The rind is edible and changes from a straw yellow color to a golden yellow as it matures. The inside is straw yellow in color, soft, elastic, with variable holes.
The maturation lasts from 20 days to 8 months, the initially sweet taste then takes on more intense and spicy notes.
The ideal drinking temperature is 15-20 ° C.

Caciotta is the cheese of conviviality. Perfect for a picnic on the grass or rather for a cheesecake!

Recipes for a perfect picnic:

Rustic sandwiches with caciotta cheese and grilled vegetables: Stuff the sandwiches with the slices of caciotta and the grilled vegetables. Season with a drizzle of oil and a pinch of oregano.

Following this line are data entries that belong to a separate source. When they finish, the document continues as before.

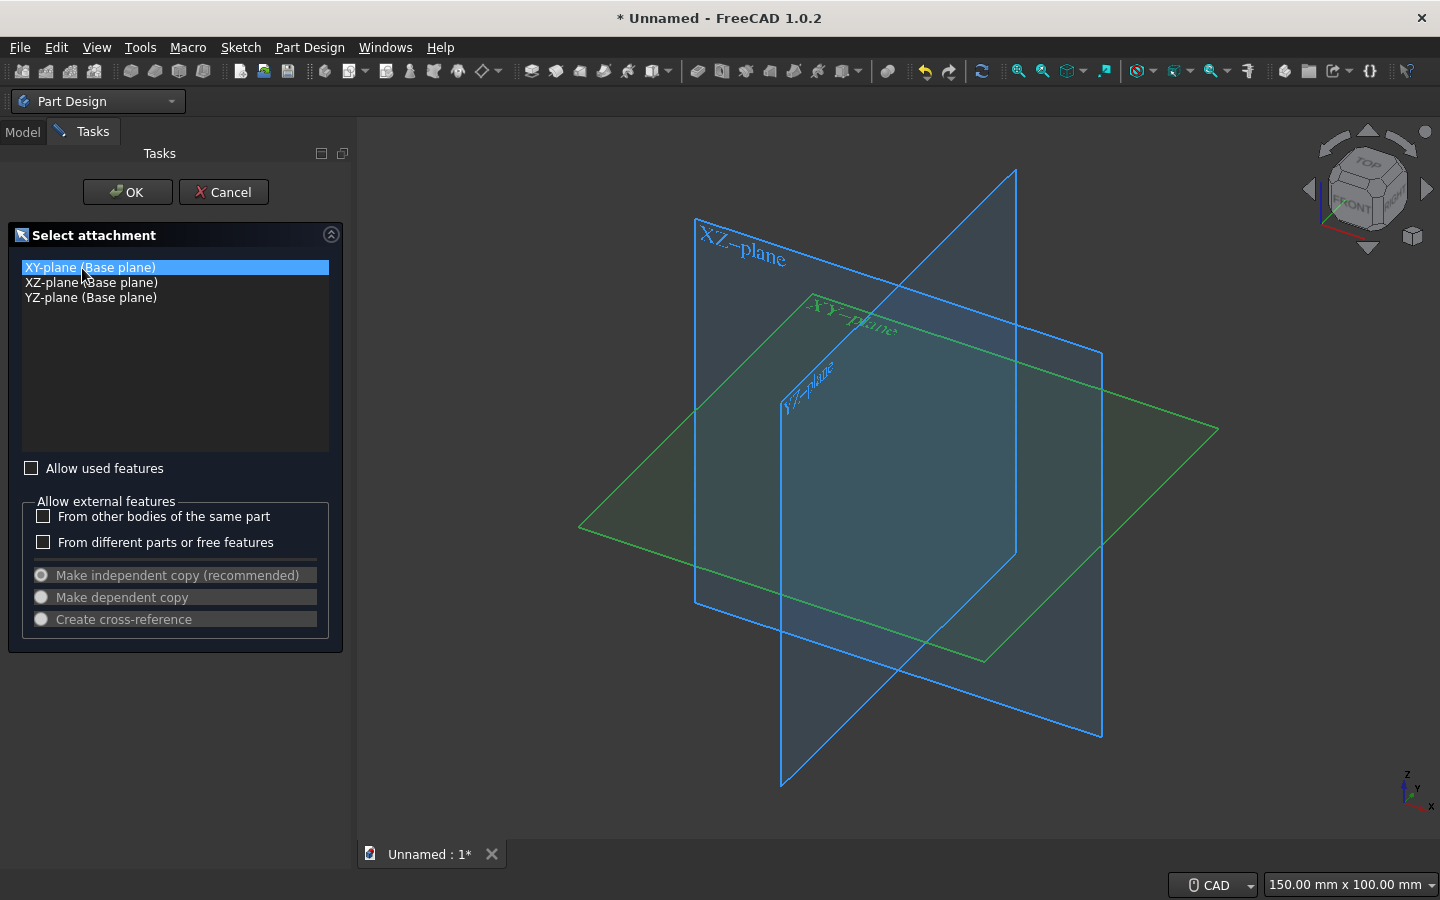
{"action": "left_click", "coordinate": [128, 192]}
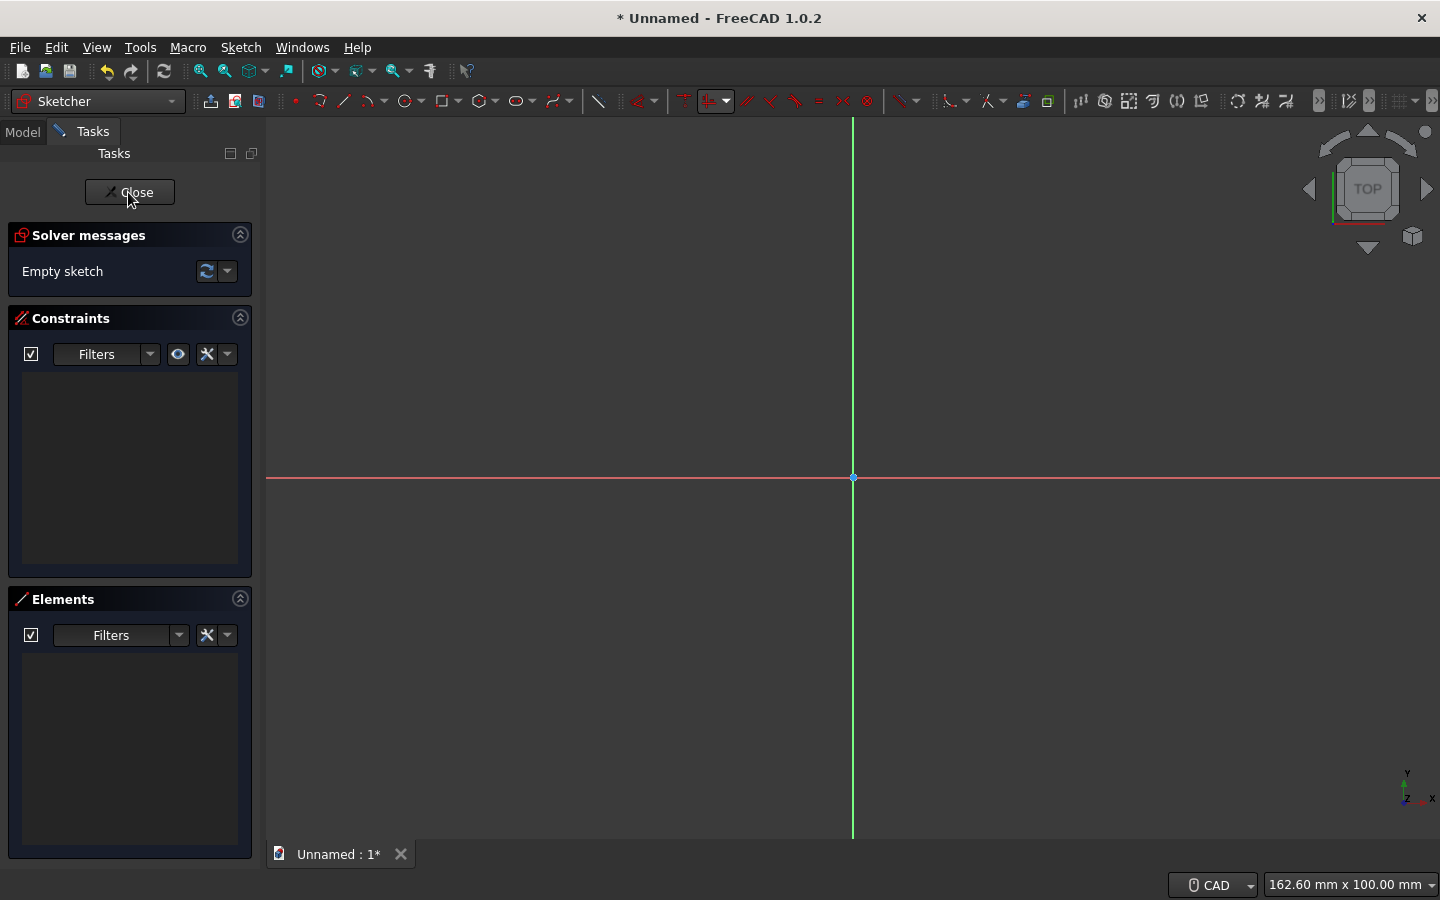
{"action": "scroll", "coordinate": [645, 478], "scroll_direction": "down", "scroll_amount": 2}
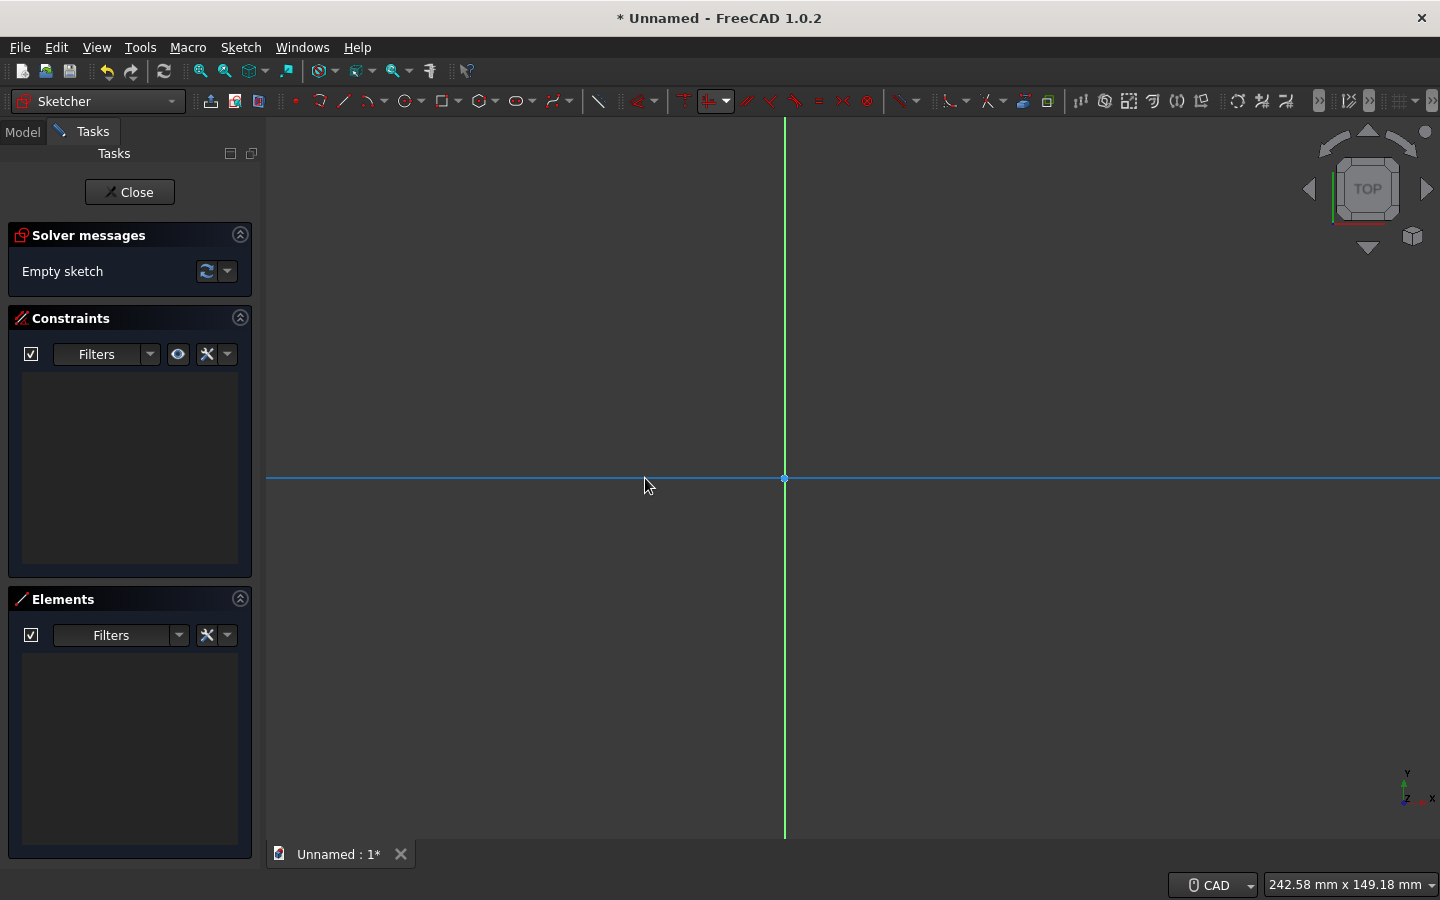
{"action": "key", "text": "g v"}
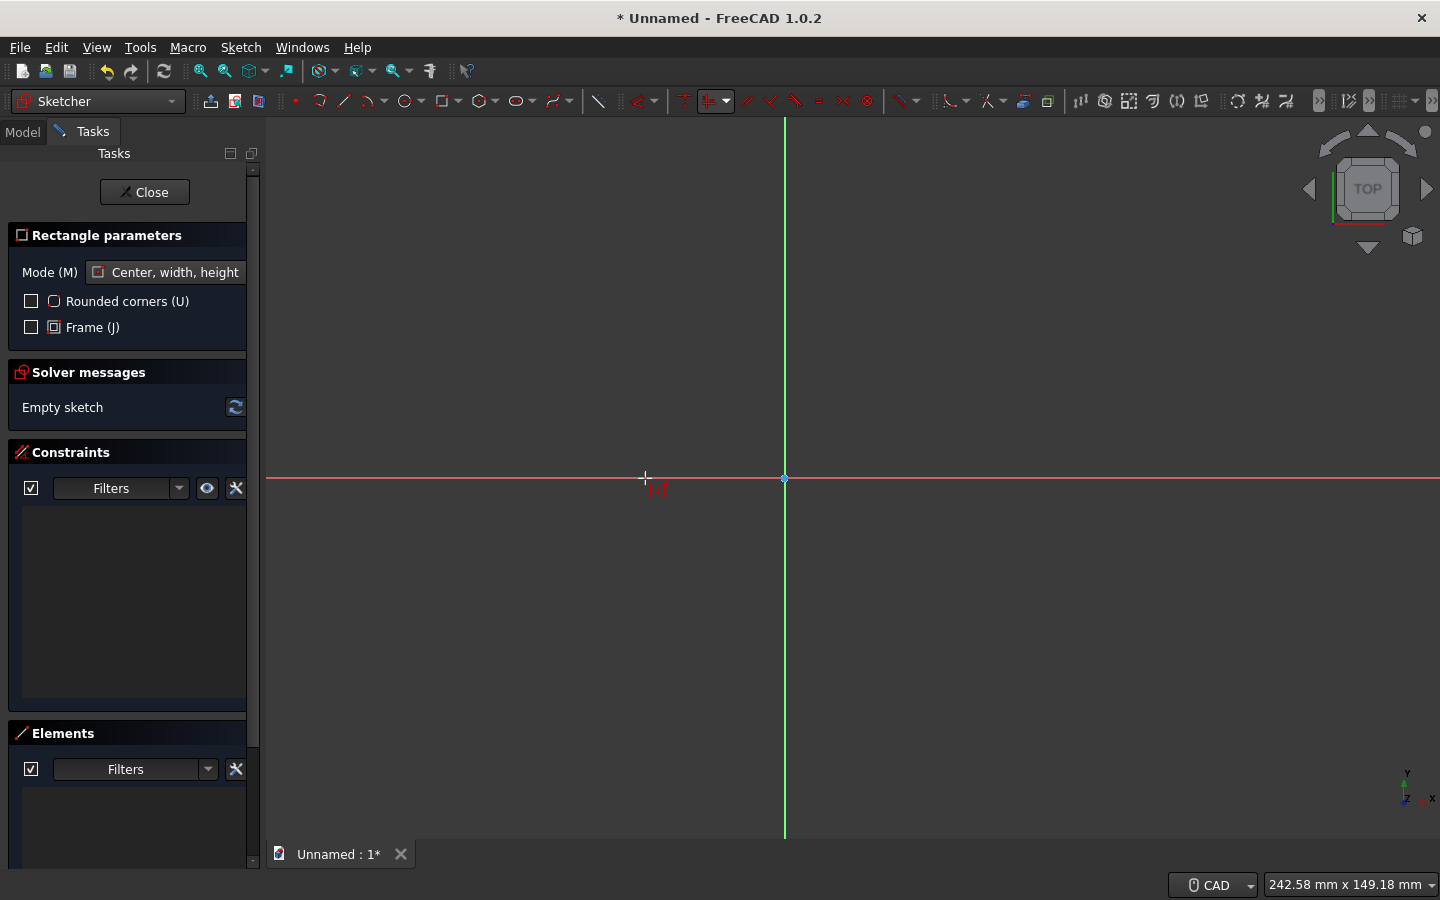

Sandwiches with caciotta cream and dried tomatoes. Make a cream with the caciotta, blending it with a little oil. Spread the cream on the bread, add dried tomatoes and basil. Cut into triangles and serve.

GMO free

Format

Wedge of about 150 g, Wedge of about 500 g

Preparation time

Ingredients on the label

Raw MILK, rennet, salt

Allergens

Milk

Note

,

Average nutritional values per 100 g

Energy 1300 kJ / 313 kcal
Fat 25.2 g
of which saturated fatty acids - g
Carbohydrates 1 g
of which sugars - g
Protein 22.5 g
Salt 1.5 g
Note: The values may undergo slight variations over the course of the year in relation to the maturation and seasonal fluctuations of the milk

Method of conservation

The ideal storage temperature is between 12 and 18 ° C

Recommended combinations

Fruity white wines, young red wines and low alcohol beers

Tasting tips

At room temperature, with acacia honey, jasmine, violet, rose or muscat grape jellies

Shipment

Shipments of perishable products, which need to be stored at a controlled temperature, are made on Mondays, Tuesdays and Wednesdays. For orders placed from Thursday to Sunday, the shipment will take place in the following week, in order to avoid stocks on Saturday and Sunday and the consequent risk of alteration of the food.

region

Latteria Riccianico

Nel cuore dell'Appennino toscano batte il cuore di questo piccolo caseificio artigianale. L'idea è nata da Annette che, avendo sposato un allevatore storico della zona, ha pensato bene di portare avanti il proprio progetto di dar vita ad un caseificio artigianale con il prezioso latte prodotto dalla loro fattoria, dove pascolano indisturbate tra boschi e colli le frisone e le brune. I prodotti sono tutti rigorosamente a latte crudo e le mucche vengono nutrite con foraggi biologici di montagna autoprodotti dall'azienda.
I sapori e i profumi delle erbe si ritrovano in tavola. Oltre ai prodotti più tradizionali, come la caciotta e il formaggio stagionato "da serbo", Annette si è cimentata anche in una deliziosa crosta fiorita ispirata ai formaggi francesi, da cui il nome di "francesina".